L’homme a toujours constitué un danger et rarement une protection pour son prochain. Forcés de vivre en société, les hommes doivent donc avoir des règles pour s’assurer des dangers qu’ils représentent les uns pour les autres. Naturellement, les intérêts individuels et collectifs exigent un ordre et un pouvoir qui les garantissent. Quelle que soit l’efficacité qu’on arrive à donner à cet ordre et quelle que soit l’étendue ou l’organisation qu’on donne à ce pouvoir, ils doivent être moralement subordonnés à la poursuite des fins individuelles et collectives. La démocratie est une forme de cet ordre et de ce pouvoir.

En conséquence, elle est sujette aux travers et aux faiblesses de chaque société. Ainsi, simple moyen au service de buts sociaux, elle peut être pervertie par les ambitions individuelles, les conflits politiques, la prédation extérieure, etc. Djibouti est victime de ses ravages. La nation est en ruine.

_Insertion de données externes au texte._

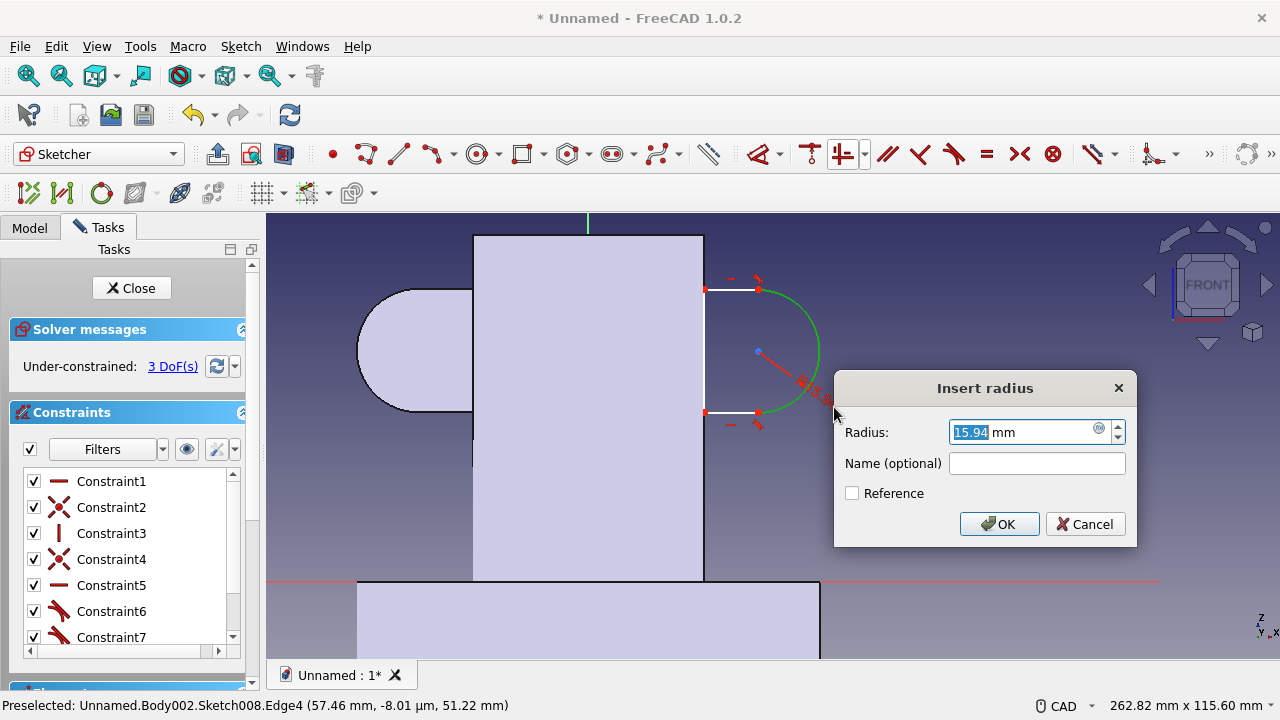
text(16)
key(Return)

L’Etat est en déliquescence ; la pauvreté, l’insécurité et l’anarchie sont plus répandues que durant la période du despotisme monopartite.

Cette cruelle réalité commande un débat de fond sur notre avenir.

DEMOCRATIE

On ne peut contester que les idées naissent reines. Mais elles ne peuvent s’accréditer que si elles sont mises au service des intérêts particuliers et collectifs.

Chez nous à Djibouti, la doctrine démocratique offre l’exemple d’un système que les divisions congénitales de notre classe politique, les travers de nos politiciens, les récriminations, les passions détestables et la cupidité ambiante ont transformé en tragédie, en désolation et en désagrégation sociale. Recherchée pour fonder les libertés et induire le développement national et l’épanouissement des individus, la démocratie se trouve préparer dans notre pays une nouvelle forme de tyrannie.

Elle a occasionné depuis presque 20 ans plus de morts, plus de violences brutes et aveugles, plus d’exilés, l’abaissement total du pays, le déchirement du tissu social, l’affaiblissement de l’Etat, la paupérisation aggravée de la masse du peuple, etc., que durant la dictature du monopartisme. Elle a engendré des passions délétères, de l’ostracisme des revanchards, le pogrom, l’exacerbation de la rapacité et des animosités et la décadence morale.

La démocratisation n’a offert essentiellement à la masse depuis 1992 que ruine, confusion, amertume et désespérance. Elle n’est pas encore la servante des grandes et belles causes de l’unité, de l'égalité, de la liberté et du bonheur. C’est la conséquence de la perfidie des politiciens, de la vénalité des parvenus et des cyniques au sein du pouvoir en place mais aussi de l’esprit vindicatif et sectaire des prétendus vrais opposants.

La masse populaire et certains intellectuels dégénérés servent de marionnettes aux forces rétrogrades et antagonistes qui polluent la vie nationale. Ces factions néfastes ont perverti le jeu démocratique et profitent de l’ignorance, de la misère et des frustrations dans le pays. Leur félonie, leur incapacité et leur manque de sens patriotique et d’honneur rendent le règne de la démocratie plus difficile à Djibouti.

Ces factions nuisent au bien-être de l’immense majorité de la population et à notre dignité. J’en éprouve beaucoup de tristesse, de la colère et une douleur lancinante. Dieu nous a créés en nous permettant d’être prévoyants, judicieux, complexes, pénétrants, doués de mémoire, capables de compassion, de raisonnement et de réflexion. Il nous a dotés de vertus mais surtout de la raison qui peut être sublime.

Mais ce sont les bas instincts que nos politiciens suscitent chez le peuple. Ils utilisent à cet effet des slogans les uns plus débiles que les autres, transforment leurs militants en primates et provoquent en permanence des crises.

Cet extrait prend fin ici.